Elasticsearch

Medium

Elasticsearch is a distributed, open-source search and analytics engine for all types of data, including textual, numerical, geospatial, structured, and unstructured.

Variants:

Apache SolrAlgoliaAmazon CloudSearch

What is Elasticsearch?

Elasticsearch is known for its simple REST APIs, distributed nature, speed, and scalability. It's the central component of the Elastic Stack, a set of open-source tools for data ingestion, enrichment, storage, analysis, and visualization. Your interviewer will expect you to understand the core concepts of Elasticsearch and when to use it in a system design.

Core Concepts of Elasticsearch

Documents and Indexes: Elasticsearch is a document-oriented database. Each document is a collection of fields, which are the key-value pairs that contain your data. Documents are stored in indexes. An index is a collection of documents that have somewhat similar characteristics.
Clusters, Nodes, and Shards: An Elasticsearch cluster is a collection of one or more nodes (servers) that together holds your entire dataset and provides federated indexing and search capabilities across all nodes. Each index is split into one or more shards, and each shard can have zero or more replicas.
Inverted Index: Elasticsearch uses a data structure called an inverted index, which is designed to allow for very fast full-text searches. An inverted index lists every unique word that appears in any document and identifies all of the documents each word appears in.
REST API: Elasticsearch provides a simple, coherent REST API for managing your cluster and indexing and searching your data.

Indexing and Sharding

Your interviewer will expect you to understand how Elasticsearch stores and organizes data. The core concepts are indexes, shards, and replicas.

Indexes: An index is a collection of documents that have somewhat similar characteristics. For example, you could have an index for customer data, another for a product catalog, and another for order data.
Shards: Because Elasticsearch is a distributed search engine, an index is usually split into a number of shards. Each shard is in itself a fully-functional and independent "index" that can be hosted on any node in the cluster. By distributing the documents in an index across multiple shards, and distributing those shards across multiple nodes, Elasticsearch can ensure redundancy, which both protects against hardware failures and increases query capacity as nodes are added to a cluster.
Replicas: Elasticsearch allows you to make one or more copies of your index’s shards, which are called replica shards or replicas. Replication provides high availability in case a shard or node fails. It also allows you to scale out your search volume because searches can be executed on all replicas in parallel.

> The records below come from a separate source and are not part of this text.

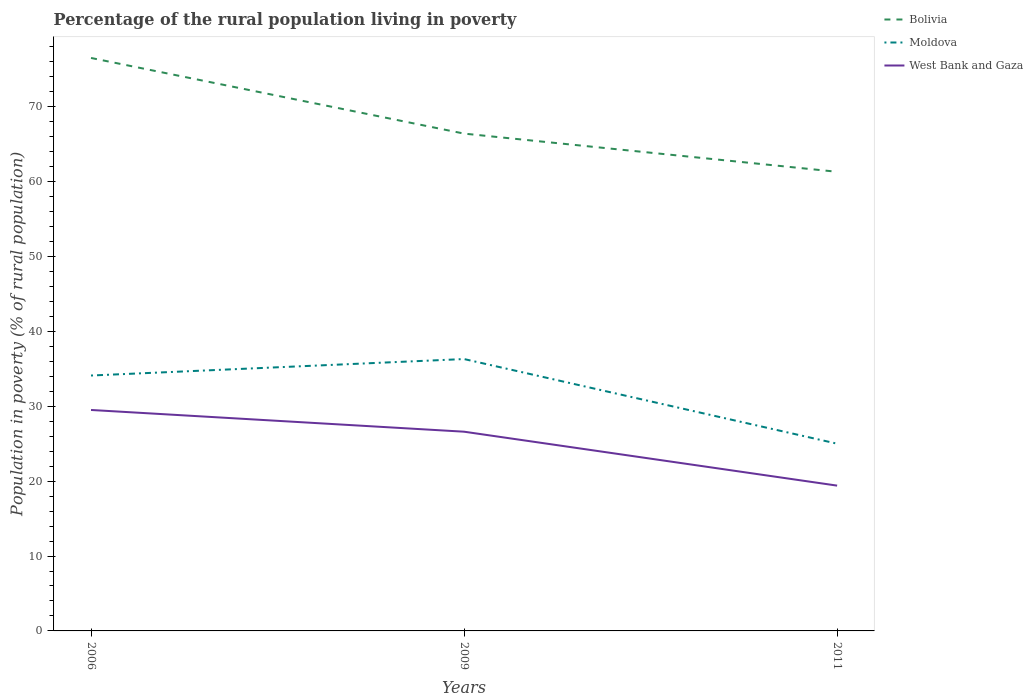Across all years, what is the maximum percentage of the rural population living in poverty in Moldova?
Keep it short and to the point. 25. What is the total percentage of the rural population living in poverty in West Bank and Gaza in the graph?
Your answer should be compact. 10.1. What is the difference between the highest and the second highest percentage of the rural population living in poverty in West Bank and Gaza?
Ensure brevity in your answer.  10.1. What is the difference between the highest and the lowest percentage of the rural population living in poverty in Moldova?
Give a very brief answer. 2. How many lines are there?
Give a very brief answer. 3. What is the difference between two consecutive major ticks on the Y-axis?
Ensure brevity in your answer.  10. Are the values on the major ticks of Y-axis written in scientific E-notation?
Your answer should be very brief. No. Does the graph contain any zero values?
Provide a short and direct response. No. Does the graph contain grids?
Keep it short and to the point. No. What is the title of the graph?
Offer a very short reply. Percentage of the rural population living in poverty. Does "Mexico" appear as one of the legend labels in the graph?
Provide a succinct answer. No. What is the label or title of the Y-axis?
Your response must be concise. Population in poverty (% of rural population). What is the Population in poverty (% of rural population) of Bolivia in 2006?
Offer a terse response. 76.5. What is the Population in poverty (% of rural population) of Moldova in 2006?
Keep it short and to the point. 34.1. What is the Population in poverty (% of rural population) in West Bank and Gaza in 2006?
Provide a short and direct response. 29.5. What is the Population in poverty (% of rural population) in Bolivia in 2009?
Ensure brevity in your answer.  66.4. What is the Population in poverty (% of rural population) in Moldova in 2009?
Your response must be concise. 36.3. What is the Population in poverty (% of rural population) of West Bank and Gaza in 2009?
Provide a succinct answer. 26.6. What is the Population in poverty (% of rural population) in Bolivia in 2011?
Offer a very short reply. 61.3. Across all years, what is the maximum Population in poverty (% of rural population) in Bolivia?
Offer a terse response. 76.5. Across all years, what is the maximum Population in poverty (% of rural population) in Moldova?
Make the answer very short. 36.3. Across all years, what is the maximum Population in poverty (% of rural population) in West Bank and Gaza?
Ensure brevity in your answer.  29.5. Across all years, what is the minimum Population in poverty (% of rural population) in Bolivia?
Your answer should be compact. 61.3. Across all years, what is the minimum Population in poverty (% of rural population) in Moldova?
Give a very brief answer. 25. What is the total Population in poverty (% of rural population) in Bolivia in the graph?
Ensure brevity in your answer.  204.2. What is the total Population in poverty (% of rural population) in Moldova in the graph?
Give a very brief answer. 95.4. What is the total Population in poverty (% of rural population) in West Bank and Gaza in the graph?
Offer a very short reply. 75.5. What is the difference between the Population in poverty (% of rural population) of Bolivia in 2006 and that in 2009?
Keep it short and to the point. 10.1. What is the difference between the Population in poverty (% of rural population) in West Bank and Gaza in 2006 and that in 2009?
Provide a succinct answer. 2.9. What is the difference between the Population in poverty (% of rural population) of Bolivia in 2006 and that in 2011?
Offer a terse response. 15.2. What is the difference between the Population in poverty (% of rural population) in Moldova in 2006 and that in 2011?
Ensure brevity in your answer.  9.1. What is the difference between the Population in poverty (% of rural population) of Bolivia in 2009 and that in 2011?
Make the answer very short. 5.1. What is the difference between the Population in poverty (% of rural population) of Moldova in 2009 and that in 2011?
Give a very brief answer. 11.3. What is the difference between the Population in poverty (% of rural population) in West Bank and Gaza in 2009 and that in 2011?
Keep it short and to the point. 7.2. What is the difference between the Population in poverty (% of rural population) in Bolivia in 2006 and the Population in poverty (% of rural population) in Moldova in 2009?
Your answer should be very brief. 40.2. What is the difference between the Population in poverty (% of rural population) in Bolivia in 2006 and the Population in poverty (% of rural population) in West Bank and Gaza in 2009?
Your response must be concise. 49.9. What is the difference between the Population in poverty (% of rural population) in Bolivia in 2006 and the Population in poverty (% of rural population) in Moldova in 2011?
Keep it short and to the point. 51.5. What is the difference between the Population in poverty (% of rural population) of Bolivia in 2006 and the Population in poverty (% of rural population) of West Bank and Gaza in 2011?
Keep it short and to the point. 57.1. What is the difference between the Population in poverty (% of rural population) in Bolivia in 2009 and the Population in poverty (% of rural population) in Moldova in 2011?
Your answer should be very brief. 41.4. What is the average Population in poverty (% of rural population) in Bolivia per year?
Offer a terse response. 68.07. What is the average Population in poverty (% of rural population) of Moldova per year?
Your response must be concise. 31.8. What is the average Population in poverty (% of rural population) of West Bank and Gaza per year?
Your answer should be compact. 25.17. In the year 2006, what is the difference between the Population in poverty (% of rural population) in Bolivia and Population in poverty (% of rural population) in Moldova?
Provide a short and direct response. 42.4. In the year 2006, what is the difference between the Population in poverty (% of rural population) in Moldova and Population in poverty (% of rural population) in West Bank and Gaza?
Provide a short and direct response. 4.6. In the year 2009, what is the difference between the Population in poverty (% of rural population) in Bolivia and Population in poverty (% of rural population) in Moldova?
Your answer should be compact. 30.1. In the year 2009, what is the difference between the Population in poverty (% of rural population) of Bolivia and Population in poverty (% of rural population) of West Bank and Gaza?
Provide a succinct answer. 39.8. In the year 2011, what is the difference between the Population in poverty (% of rural population) of Bolivia and Population in poverty (% of rural population) of Moldova?
Offer a terse response. 36.3. In the year 2011, what is the difference between the Population in poverty (% of rural population) in Bolivia and Population in poverty (% of rural population) in West Bank and Gaza?
Provide a succinct answer. 41.9. What is the ratio of the Population in poverty (% of rural population) of Bolivia in 2006 to that in 2009?
Provide a succinct answer. 1.15. What is the ratio of the Population in poverty (% of rural population) of Moldova in 2006 to that in 2009?
Ensure brevity in your answer.  0.94. What is the ratio of the Population in poverty (% of rural population) in West Bank and Gaza in 2006 to that in 2009?
Ensure brevity in your answer.  1.11. What is the ratio of the Population in poverty (% of rural population) in Bolivia in 2006 to that in 2011?
Ensure brevity in your answer.  1.25. What is the ratio of the Population in poverty (% of rural population) of Moldova in 2006 to that in 2011?
Offer a terse response. 1.36. What is the ratio of the Population in poverty (% of rural population) in West Bank and Gaza in 2006 to that in 2011?
Provide a succinct answer. 1.52. What is the ratio of the Population in poverty (% of rural population) in Bolivia in 2009 to that in 2011?
Your answer should be compact. 1.08. What is the ratio of the Population in poverty (% of rural population) of Moldova in 2009 to that in 2011?
Ensure brevity in your answer.  1.45. What is the ratio of the Population in poverty (% of rural population) in West Bank and Gaza in 2009 to that in 2011?
Keep it short and to the point. 1.37. What is the difference between the highest and the second highest Population in poverty (% of rural population) in West Bank and Gaza?
Your answer should be very brief. 2.9. What is the difference between the highest and the lowest Population in poverty (% of rural population) in Bolivia?
Ensure brevity in your answer.  15.2. What is the difference between the highest and the lowest Population in poverty (% of rural population) of Moldova?
Offer a very short reply. 11.3. What is the difference between the highest and the lowest Population in poverty (% of rural population) in West Bank and Gaza?
Provide a short and direct response. 10.1.

Primary and Replica Shards

Each document in your index belongs to one primary shard. The number of primary shards in your index is fixed at the time of index creation. A replica shard is a copy of a primary shard. A replica shard is never on the same node as its primary shard.

Querying and Aggregations

Elasticsearch provides a powerful, JSON-based Domain Specific Language (DSL) for querying your data. Your interviewer will want to know that you have a basic understanding of how to query Elasticsearch.

Query DSL: The Query DSL is a flexible, expressive query language that allows you to build complex queries. It supports a wide variety of query types, including full-text queries, term-level queries, and geospatial queries.
Aggregations: The aggregations framework helps provide aggregated data based on a search query. It is based on simple building blocks called aggregations, that can be composed in order to build complex summaries of the data. An aggregation can be seen as a unit-of-work that builds analytic information over a set of documents.
Relevance Scoring: By default, Elasticsearch sorts matching results by their relevance score, which measures how well each document matches a query. The relevance score is a positive floating-point number, returned in the _score metadata field of the search results. The higher the _score, the more relevant the document.

How to Use Elasticsearch in a System Design Interview

When you're in a system design interview, you should be able to articulate why you would choose Elasticsearch over other search solutions and how you would use it in your architecture.

Here are some key points to mention:

Full-Text Search: If your application requires powerful full-text search capabilities, Elasticsearch is a great choice.
Scalability: Elasticsearch is a distributed system that can be scaled out by adding more nodes to the cluster.
Analytics: Elasticsearch is not just for search. It's also a powerful analytics engine that can be used to aggregate and visualize your data.
Data Ingestion: You can use Logstash or Beats to ingest data into Elasticsearch from a variety of sources.
Trade-offs: While Elasticsearch is a powerful tool, it's not a silver bullet. It's not a good choice for applications that require strong transactional guarantees. It also has a steep learning curve and can be complex to manage at scale.

By discussing these points, you'll demonstrate to your interviewer that you have a solid understanding of Elasticsearch and how to use it to build powerful search and analytics applications.

Example System Design Problems

Here are a few examples of system design problems where you might use Elasticsearch:

Design Yelp: Elasticsearch is a great choice for the search functionality of a Yelp-like service. It can be used to index all the business data and provide fast, relevant search results with support for geospatial queries.
Design Twitter: The search functionality of Twitter could be powered by Elasticsearch. It would allow users to search for tweets, users, and hashtags.
Design an E-Commerce Platform: Elasticsearch could be used to power the product search for an e-commerce platform. It would allow users to search for products by name, category, and other attributes.